While the game was made mainly due to series-director Tetsuya Nomura seeing how much green putting a KH-title on the GBA could get him, it probably didn't get as much as he hoped. Primary reason was probably due to a unique card-deck fighting system implemented to replace the regular button-bash gameplay from KH1. Mind you, with a deck set up the right way, you could still hammer the action button more or less. Players who dismissed the game originally most likely returned to it after Kingdom Hearts II's release as Chain Of Memories ended up hosting the deaths of nearly half of the top villains from the sequel. Japanese gamers managed to avoid much of the hassle though thanks to a special edition re-release of KH2 which hosted a PS2-revamped, 3D-version of CoM. The PS2 port, KH re: Chain Of Memories was later released in the States as a stand-alone title.
Players finally got a chance to play the proper sequel to Kingdom Hearts nearly two years after CoM's release (US-wise anyway). Set a year after CoM's ending, players started up the game to play as not Sora but Roxas, a 15-year-old living in the perpetually-sunset-covered Twilight Town. While we would eventually get to Sora, Roxas gave us a chance to see the new group of villains sharing the spotlight with the Heartless; the Nobodies, led by the black-cloaked group of Organization-XIII. Roxas' connection to them as well as Sora would provide much of the plot for the sequel. As Sora, players would revisit some old worlds and visit new ones, using the Keyblade to not shut down the worlds' weak-points but open up new gateways in order to find a still missing Riku, a semi-missing King Mickey and the headquarters of O13.
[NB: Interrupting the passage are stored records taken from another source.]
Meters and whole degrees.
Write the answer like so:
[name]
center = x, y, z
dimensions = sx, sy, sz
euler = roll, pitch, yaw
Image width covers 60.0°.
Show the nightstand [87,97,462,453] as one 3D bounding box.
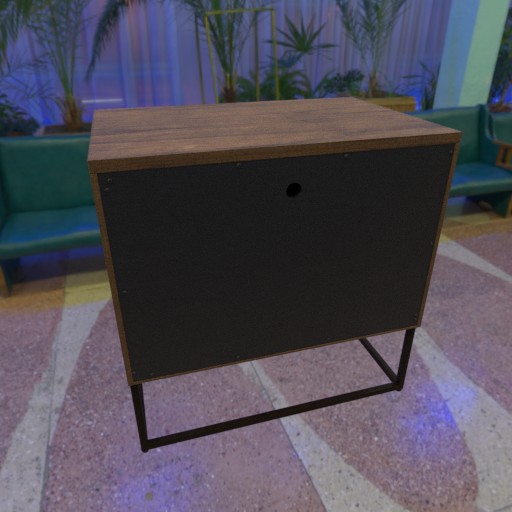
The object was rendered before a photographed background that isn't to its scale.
[nightstand]
center = 0.000, 0.000, 1.007
dimensions = 0.610, 0.610, 0.437
euler = -8, 29, -15
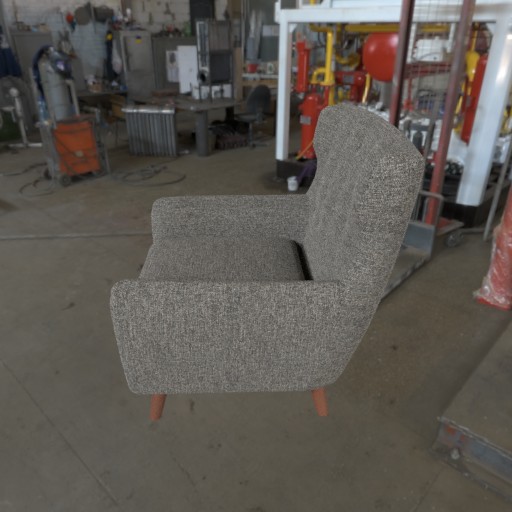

KH2 offered a lot more to players as any sequel should, including new Disney-based worlds (as mentioned) and new ways of fighting such as the clothing-altering Drive system and the teamup-based Limit system. And while some of the voices from KH1 didn't return to the sequel, new voice-actors filled the gap as best as they could, topped off with legendary actor Christopher Lee voicing the new addition known as DiZ.
Appearing on the DS roughly three years after KH2, the unusually titled 358/2 explores what both Organization-XIII and Roxas did in the gap of time between CoM and KH2. The plot also revolves around the unheard-of-till-now 14th member of the Organization. The game gave not just a single-player story but a multiplayer mode, allowing gamers to run around in black-suits and killing enemies with the very same characters they had to fight against in CoM and KH2.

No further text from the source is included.